Thanks, yes the first packet dump agrees with your description. A quick examination of the mount source in nfs-utils doesn't show many any MOUNT pings done using a client that asked for a reserved port--so I'm not sure where those are coming from.
Created attachment 542640 [details] packet dump with mountproto=tcp
After looking at the current TCP packet dump. This particular dump is not useful. It has been filtered to the degree where the important parts are missing. There are concerns about potential customer data and so tomorrow I will examine the data from the TCP mountproto file without attaching it to the case. The hope is that conntrack can use the TCP semantics to reuse connections more quickly. Unless I come up with some better idea after looking at the TCP mountproto dump my plan is to keep looking at this and if necessary generate a prototype patch which tries to reuse the port so that each compute node only uses 1 resv port to mount all the file systems rather than 1 resv port for each fs for each compute node. My current theories regarding the root cause of the difference between rhel5 and rhel6 in this case are: - fewer file systems, - more actual file servers, - fewer compute nodes going through one NAT In other words the 2nd NULL call is probably a red herring and we have a threshold thing. For some reason the RHEL5 clusters are sub-threshold but the new RHEL6 clusters are above the threshold.

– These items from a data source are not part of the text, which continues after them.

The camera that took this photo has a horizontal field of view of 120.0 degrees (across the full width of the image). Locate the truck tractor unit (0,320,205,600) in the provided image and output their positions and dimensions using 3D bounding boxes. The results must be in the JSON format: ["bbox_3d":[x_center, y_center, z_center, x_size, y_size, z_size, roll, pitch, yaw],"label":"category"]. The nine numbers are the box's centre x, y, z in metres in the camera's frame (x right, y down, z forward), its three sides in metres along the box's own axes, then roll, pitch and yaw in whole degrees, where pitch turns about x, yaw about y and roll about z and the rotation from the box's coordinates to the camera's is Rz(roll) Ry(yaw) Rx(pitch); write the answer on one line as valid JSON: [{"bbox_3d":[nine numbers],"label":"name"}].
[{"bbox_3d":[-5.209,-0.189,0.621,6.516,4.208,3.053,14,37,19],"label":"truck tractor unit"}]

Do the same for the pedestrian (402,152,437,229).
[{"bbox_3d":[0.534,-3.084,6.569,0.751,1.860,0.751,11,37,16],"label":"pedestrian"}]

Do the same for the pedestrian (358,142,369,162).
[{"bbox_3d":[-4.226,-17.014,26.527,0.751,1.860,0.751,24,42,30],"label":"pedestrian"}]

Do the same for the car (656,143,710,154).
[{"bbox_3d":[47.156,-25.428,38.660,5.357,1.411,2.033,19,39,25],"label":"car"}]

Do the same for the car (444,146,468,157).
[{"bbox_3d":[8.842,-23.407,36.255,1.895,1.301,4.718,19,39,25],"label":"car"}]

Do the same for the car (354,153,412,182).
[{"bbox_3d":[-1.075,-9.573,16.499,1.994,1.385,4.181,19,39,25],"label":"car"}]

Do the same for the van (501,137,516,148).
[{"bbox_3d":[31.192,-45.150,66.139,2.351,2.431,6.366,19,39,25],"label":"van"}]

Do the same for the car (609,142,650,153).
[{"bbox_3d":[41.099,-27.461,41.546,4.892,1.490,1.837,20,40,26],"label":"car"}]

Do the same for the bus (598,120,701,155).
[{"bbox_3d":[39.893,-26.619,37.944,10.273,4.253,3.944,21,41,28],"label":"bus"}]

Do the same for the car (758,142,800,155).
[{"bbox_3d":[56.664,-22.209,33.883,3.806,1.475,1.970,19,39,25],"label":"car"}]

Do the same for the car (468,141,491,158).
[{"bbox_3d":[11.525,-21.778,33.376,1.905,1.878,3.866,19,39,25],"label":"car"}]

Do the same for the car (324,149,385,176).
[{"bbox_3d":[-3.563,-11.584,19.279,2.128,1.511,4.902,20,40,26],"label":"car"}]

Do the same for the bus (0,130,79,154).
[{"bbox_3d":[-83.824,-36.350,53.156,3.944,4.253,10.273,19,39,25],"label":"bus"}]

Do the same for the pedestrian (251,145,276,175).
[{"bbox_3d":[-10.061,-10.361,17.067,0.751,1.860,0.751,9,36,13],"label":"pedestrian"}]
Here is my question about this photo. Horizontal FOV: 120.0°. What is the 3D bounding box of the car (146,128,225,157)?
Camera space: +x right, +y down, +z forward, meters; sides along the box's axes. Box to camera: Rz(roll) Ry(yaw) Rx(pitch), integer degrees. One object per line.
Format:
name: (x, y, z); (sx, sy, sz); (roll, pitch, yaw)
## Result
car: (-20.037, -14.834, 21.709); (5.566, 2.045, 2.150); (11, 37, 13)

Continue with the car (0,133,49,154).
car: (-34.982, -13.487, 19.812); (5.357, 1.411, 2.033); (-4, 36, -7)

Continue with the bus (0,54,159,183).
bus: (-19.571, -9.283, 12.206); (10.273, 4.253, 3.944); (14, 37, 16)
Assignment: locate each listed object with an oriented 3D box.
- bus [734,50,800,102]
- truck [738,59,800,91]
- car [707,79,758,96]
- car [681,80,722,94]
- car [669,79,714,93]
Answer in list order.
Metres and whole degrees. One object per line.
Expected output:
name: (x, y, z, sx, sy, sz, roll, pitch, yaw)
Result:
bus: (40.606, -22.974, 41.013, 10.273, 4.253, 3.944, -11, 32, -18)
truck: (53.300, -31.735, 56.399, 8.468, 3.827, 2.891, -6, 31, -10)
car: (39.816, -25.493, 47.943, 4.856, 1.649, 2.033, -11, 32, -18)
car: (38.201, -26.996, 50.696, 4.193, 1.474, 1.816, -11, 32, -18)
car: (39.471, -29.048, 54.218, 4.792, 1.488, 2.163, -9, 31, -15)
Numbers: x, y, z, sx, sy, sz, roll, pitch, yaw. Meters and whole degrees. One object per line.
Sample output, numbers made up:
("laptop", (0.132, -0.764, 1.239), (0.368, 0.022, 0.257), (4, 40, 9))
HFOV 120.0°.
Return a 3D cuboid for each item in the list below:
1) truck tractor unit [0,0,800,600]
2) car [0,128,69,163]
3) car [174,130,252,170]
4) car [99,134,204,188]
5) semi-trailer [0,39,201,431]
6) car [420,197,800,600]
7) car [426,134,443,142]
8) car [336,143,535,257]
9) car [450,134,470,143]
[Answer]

I've been looking at the mountproto=tcp dump and I have so far been unable to find a problem with it. However, I have some uncertainty still. I'm beginning to suspect that the reports by the sysadmin that this takes as long as with UDP is for a different reason. I think it simply is the accumulated time it takes to bring up and tear down that many TCP connections. Conntrack appears to be working right too. It is just that it is running out of resv ports and since there is nothing in the UDP protocol to tell conntrack that the connection is done the way that there is with TCP, it has to rely on a timeout and with all the nodes, all the mounts, and the few servers it can't come up with a mapping that works. Some possible solutions that I have suggested: 1) IPv6 - no NAT LLNL can't do this yet. 2) don't require resv ports on the Filer There is some concern that this won't be acceptable to the security people. 3) pdsh -g gw pdsh -f4 mount_all_nfs_filesystems This is their workaround for the moment. Other things which might be possible: 1) A modification to the NFS client code that tries to reuse ports if called to mount within a few seconds of the mount 2) A modification to the conntrack which understands the NFS mount protocol better and this allows it to reuse the resv ports more quickly because it can recognize that the resv port communication is done.